Bradley Thomas - KeyBanc Capital Markets Inc.

Great. And then just a follow-up on the outlook for your input cost. Last quarter, when you gave guidance for oil was it $115 a barrel and have been trending in an upward direction. We're now lower than that, and it hopefully seems to be a little bit more of a benign outlook and you're closer to the point where you would have an idea of what your chemical could cost to the end of the year. What's your expectations at this point for raw materials?

Dale Williams

Well, actually our outlook for raw materials hasn't changed much. Our third quarter raw materials are basically locked-in at this point. There's always a slight delay on the upside, on the pricing. So the price increases that we got kind of late in the quarter were what we were expecting to get. So as we sit here today, if oil continues to stay at the more moderate level, we would hope to possibly see some benefit later in the year, but we haven't seen any downward pressure yet or downward opportunity yet on chemical pricing. So our outlook for that has not changed. We did -- we were able to delay it a little bit, so we had a little less impact in the second quarter on chemicals than we were expecting. But those chemical prices are in place now. Certainly, we'll work every day to try to knock them back down, if oil stays with -- in a more moderate level. But it's not always -- as we've often said, our chemical prices are not always moving directly with oil.

Operator

Our next question is from Budd Bugatch of Raymond James.

Chad Bolen - Raymond James

Mark, Dale and Barry, this is actually Chad pinch hitting for Budd. First question, Mark, I think in your commentary you alluded to, obviously, market share gains in the U.S. as well as internationally. I mean, we have a pretty good feel for what the overall market is doing here in the U.S., but could you give us a sense for how you're up 18% in local currency compares to the overall market, or at least some of the key overall markets, that you're rolling out Cloud in?

Mark Sarvary

If you look across the markets, a lot of major markets, quite frankly, most of them are flat or down. And if you look at Germany, the U.K., certainly France, it's sort of -- it is a very tough environment out there. In Spain, it really is tough. And we're doing -- we're doing quite well compared to an industry that is really not doing very well. Obviously, the whole economy in Europe is suffering. Our other businesses in Japan and in Australia, there too, while not as terrible as it is in Europe. There's weak environment and we're doing better. In fact, in Japan, it's really quite bad. So I would say that the compare, if you look at how we're doing relative to the U.S., here at least, there is some growth in the industry, and the rest of the world where we're competing, there is little or none or negative.

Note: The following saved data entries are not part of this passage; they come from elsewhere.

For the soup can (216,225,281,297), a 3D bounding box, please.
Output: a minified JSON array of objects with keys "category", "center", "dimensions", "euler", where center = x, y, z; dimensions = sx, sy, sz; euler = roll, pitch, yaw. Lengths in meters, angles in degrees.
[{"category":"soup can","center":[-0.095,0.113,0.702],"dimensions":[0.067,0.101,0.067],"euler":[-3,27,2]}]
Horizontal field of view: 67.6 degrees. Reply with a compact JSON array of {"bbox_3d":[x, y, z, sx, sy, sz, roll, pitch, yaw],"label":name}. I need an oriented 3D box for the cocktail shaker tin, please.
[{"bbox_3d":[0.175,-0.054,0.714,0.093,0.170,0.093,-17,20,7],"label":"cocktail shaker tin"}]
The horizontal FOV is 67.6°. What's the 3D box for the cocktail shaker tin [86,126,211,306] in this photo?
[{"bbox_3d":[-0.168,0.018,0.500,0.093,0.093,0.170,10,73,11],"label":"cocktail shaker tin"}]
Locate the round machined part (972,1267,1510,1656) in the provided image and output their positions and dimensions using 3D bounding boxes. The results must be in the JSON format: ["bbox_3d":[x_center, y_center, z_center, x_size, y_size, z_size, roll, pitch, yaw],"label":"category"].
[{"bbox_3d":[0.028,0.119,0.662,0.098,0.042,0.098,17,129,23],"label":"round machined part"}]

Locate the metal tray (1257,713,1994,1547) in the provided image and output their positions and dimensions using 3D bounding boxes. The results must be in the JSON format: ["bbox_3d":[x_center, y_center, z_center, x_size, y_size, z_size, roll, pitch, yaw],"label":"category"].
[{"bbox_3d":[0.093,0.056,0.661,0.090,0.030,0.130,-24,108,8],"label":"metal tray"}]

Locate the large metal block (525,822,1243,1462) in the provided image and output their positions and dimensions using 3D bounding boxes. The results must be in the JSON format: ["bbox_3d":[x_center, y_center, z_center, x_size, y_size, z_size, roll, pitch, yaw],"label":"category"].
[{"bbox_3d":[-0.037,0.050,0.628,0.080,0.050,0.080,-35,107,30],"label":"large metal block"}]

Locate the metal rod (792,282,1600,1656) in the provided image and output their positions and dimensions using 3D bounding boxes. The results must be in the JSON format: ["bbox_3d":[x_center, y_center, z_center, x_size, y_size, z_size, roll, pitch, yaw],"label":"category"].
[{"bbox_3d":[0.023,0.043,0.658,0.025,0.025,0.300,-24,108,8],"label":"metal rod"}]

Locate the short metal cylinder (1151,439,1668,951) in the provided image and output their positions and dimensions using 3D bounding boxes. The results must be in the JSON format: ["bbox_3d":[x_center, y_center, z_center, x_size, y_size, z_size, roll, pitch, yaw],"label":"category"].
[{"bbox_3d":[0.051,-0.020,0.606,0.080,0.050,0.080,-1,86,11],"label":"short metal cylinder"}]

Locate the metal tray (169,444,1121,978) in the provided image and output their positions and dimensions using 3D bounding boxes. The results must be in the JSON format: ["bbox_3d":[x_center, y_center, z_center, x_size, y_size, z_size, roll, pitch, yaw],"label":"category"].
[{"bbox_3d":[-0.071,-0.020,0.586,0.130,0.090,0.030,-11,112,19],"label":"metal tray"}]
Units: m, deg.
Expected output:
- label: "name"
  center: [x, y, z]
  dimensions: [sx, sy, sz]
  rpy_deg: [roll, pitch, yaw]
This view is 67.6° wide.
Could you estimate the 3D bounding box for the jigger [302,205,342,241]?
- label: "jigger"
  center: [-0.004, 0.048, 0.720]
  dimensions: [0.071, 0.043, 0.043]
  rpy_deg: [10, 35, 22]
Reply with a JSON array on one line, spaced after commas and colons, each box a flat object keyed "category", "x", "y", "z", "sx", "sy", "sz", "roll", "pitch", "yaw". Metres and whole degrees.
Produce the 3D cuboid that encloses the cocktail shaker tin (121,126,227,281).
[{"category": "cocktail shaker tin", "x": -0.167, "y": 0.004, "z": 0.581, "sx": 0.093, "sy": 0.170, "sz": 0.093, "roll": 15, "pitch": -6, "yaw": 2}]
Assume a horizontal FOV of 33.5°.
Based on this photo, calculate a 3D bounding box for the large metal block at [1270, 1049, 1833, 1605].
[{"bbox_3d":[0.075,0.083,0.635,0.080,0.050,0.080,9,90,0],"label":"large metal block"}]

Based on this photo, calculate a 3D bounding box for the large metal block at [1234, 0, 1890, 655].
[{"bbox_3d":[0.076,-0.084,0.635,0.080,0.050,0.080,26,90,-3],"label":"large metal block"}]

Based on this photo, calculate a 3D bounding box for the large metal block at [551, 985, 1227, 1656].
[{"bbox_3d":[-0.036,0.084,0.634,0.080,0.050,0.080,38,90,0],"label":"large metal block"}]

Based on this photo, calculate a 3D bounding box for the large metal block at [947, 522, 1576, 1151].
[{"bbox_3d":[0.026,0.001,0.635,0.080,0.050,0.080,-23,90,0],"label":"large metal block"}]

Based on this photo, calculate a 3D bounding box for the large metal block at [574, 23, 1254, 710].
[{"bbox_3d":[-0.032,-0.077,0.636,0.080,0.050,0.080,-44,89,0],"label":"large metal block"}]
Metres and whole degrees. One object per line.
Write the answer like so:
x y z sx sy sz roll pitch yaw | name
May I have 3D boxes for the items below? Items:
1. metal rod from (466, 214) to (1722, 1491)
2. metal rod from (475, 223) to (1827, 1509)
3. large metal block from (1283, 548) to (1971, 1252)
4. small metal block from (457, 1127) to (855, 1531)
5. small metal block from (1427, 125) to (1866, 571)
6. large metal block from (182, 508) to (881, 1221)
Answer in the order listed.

Chad Bolen - Raymond James

Okay. And I guess turning back to the U.S., you alluded to kind of a choppy macro environment and commentary from retailers that traffic has gotten more variable. Have you seen any signs of slowing? Can you give us a sense of how things progressed through the quarter? What business trends look like in early July?

Mark Sarvary

Let me start, and then I think Dale's got a bit more detail. But let me just give you a top line on this. The second half of the quarter, we saw a little bit of strengthening relative to the first half of the quarter. So it kind of got better. But I think the point is you picked up on this is quite right, which is there has been a choppiness. Retailers are saying that literally from day to day, they'll have a good day and then a bad day. They'll have a good weekend and then a bad weekend. And we've heard this from retailers across the country, and we see it from our results. It's sort of, choppy is the right word. And while -- so far this quarter, trends are consistent with what we've been seeing. We continue to see the choppiness. So I don't know, Dale, is there anything you want to add?

Dale Williams

No, I think that's -- that covers it.

Chad Bolen - Raymond James

Okay. And the last one for me, I guess within the U.S., could you tell us what the U.S. furniture and bedding sales were during the quarter, and is there any variance between what you're seeing from full-line furniture stores versus bedding specialists?

Dale Williams

The furniture and bedding sales in the quarter were 212.6. And in terms of bedding, specialists versus furniture, we've seen strength on both sides.

Operator

[Operator Instructions] Our next question is from Mark Rupe of Longbow Research.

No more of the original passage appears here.